Jonathan, I can't begin to tell you how much I sympathize with you. I've been a chronic cluster sufferer for 12 years. I'm 38 now and it has been quite rough. You can see my responses above to Ghostrider on the topic of Misery.

A couple of ideas spring to mind when I see your anguish. One thing that really helped me (and still helps me) is a fairly new kind of anti-depression therapy called cognitive therapy. I've done it by myself using a book called "Feeling Good: The New Mood Therapy." I may have had even better results had I used the techniques with a therapist to help guide me.

The therapy is the most common-sense, easy-to-use stuff I've ever seen. It works so well to fight any kinds of negative, self-defeating thoughts. But for the hopelessness associated with my cluster headaches, it has been and still is unbelievably good. I don't if Dr. Burns' books are available in England, but you can find several good titles on cognitive therapy or cognitive/behavior therapy at amazon.com and either them order them that way or just pick one up at a local book shop. The basic idea is that you can easily learn to talk back (actually write back--the written exercise is the key) to your negative and hopeless thoughts. No matter how realistic your thoughts and attitudes seem, you can learn (in just the 1st few chapters) to identify the distortions and answer them with much more realistic and less debilitating ones. Then you can concentrate on overcoming the headaches and not spend so much time trying to fight not just the headaches but the paralyzing hopelessness that they bring.

I know that I'll have to do some more "two column technique" exercises (the simplified version of the most basic and easiest technique that Dr Burns shows) to combat all the gloomy thoughts I've had lately since my headaches have again continued to break through all the meds that I've been on. Once you've learned the technique, it's easier and easier each time to contradict the negative thoughts, but I still have to sit down and write out the negative thoughts and keep answering some of the same ones that I get every time the meds quit working.

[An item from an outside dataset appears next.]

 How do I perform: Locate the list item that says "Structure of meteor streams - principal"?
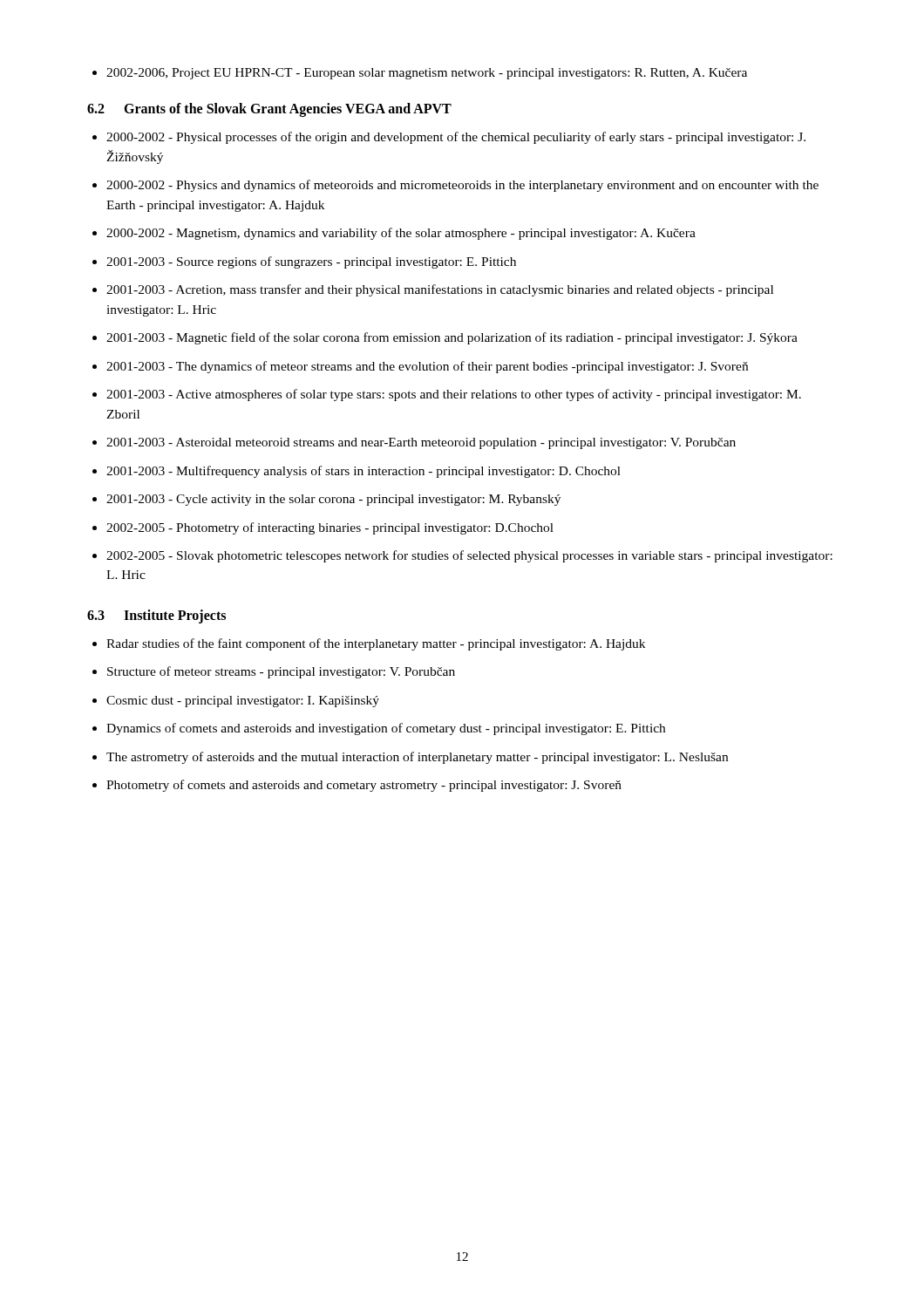[462, 672]
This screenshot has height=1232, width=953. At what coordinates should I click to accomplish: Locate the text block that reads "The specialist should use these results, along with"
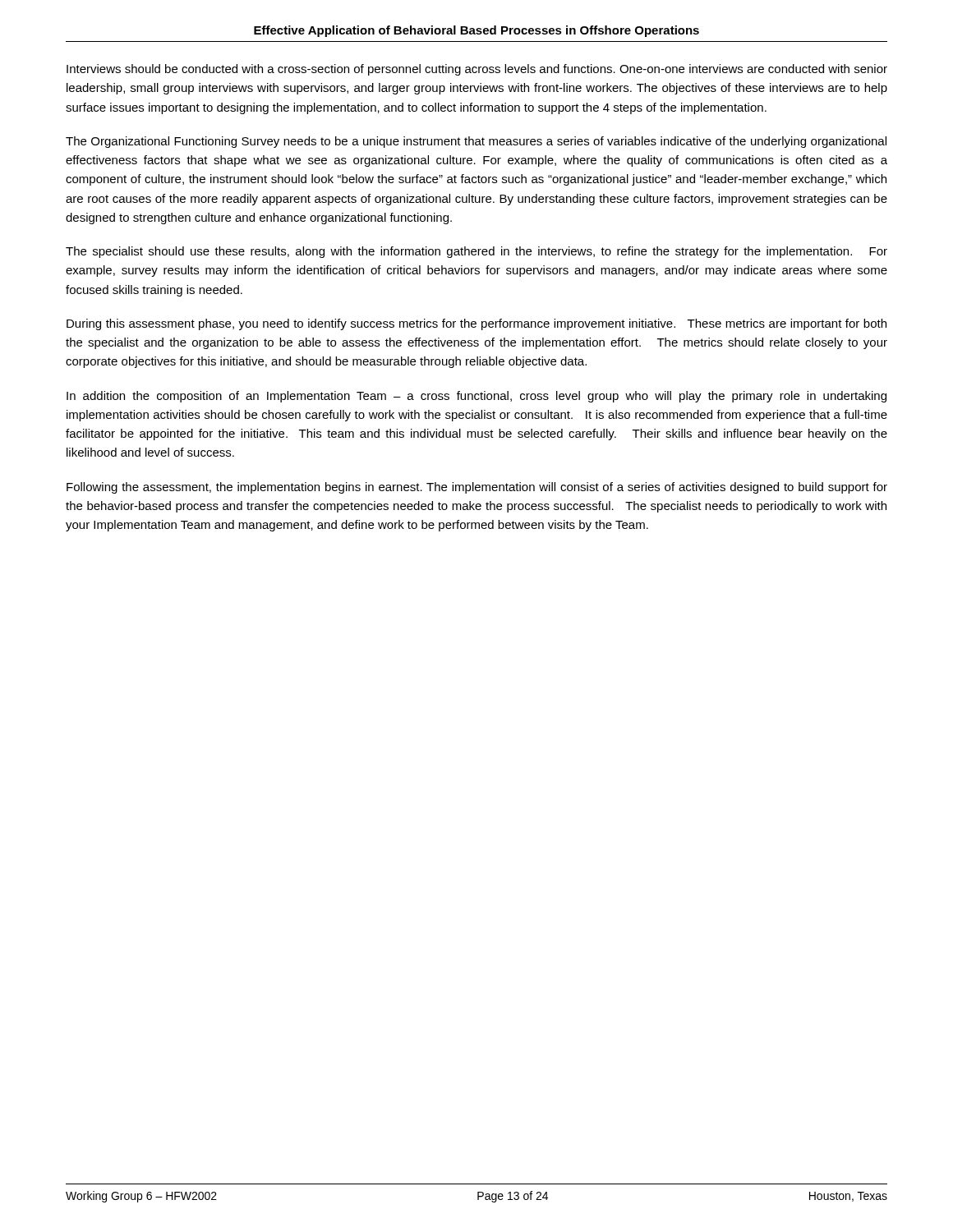coord(476,270)

Speaking of rambling on and on...anyway, I'll keep going on another topic that you raised--steroids like predisone. I'm on a tapering round right now that will be over with in two weeks. I've noticed a new side effect (actually my wife noticed it first) that has just come up the last two times I've had to go through a session with prednisone--I tend to get be very on edge and short-tempered, very irritable and any little thing can set me off. When I'm strung out by not getting enough sleep due to the headaches, I'm sure that doesn't help my temper, but I'm normally not very irritable and there is definitely a marked increase when I'm on predisone. The point is that I would try to limit predisone and other steroids to as short of time as possible. I've heard that they also make depression a lot worse.

Drop me a line at johnreynolds@webtv.net if you can stand any more details.

Again, sorry about your headaches; hang in there.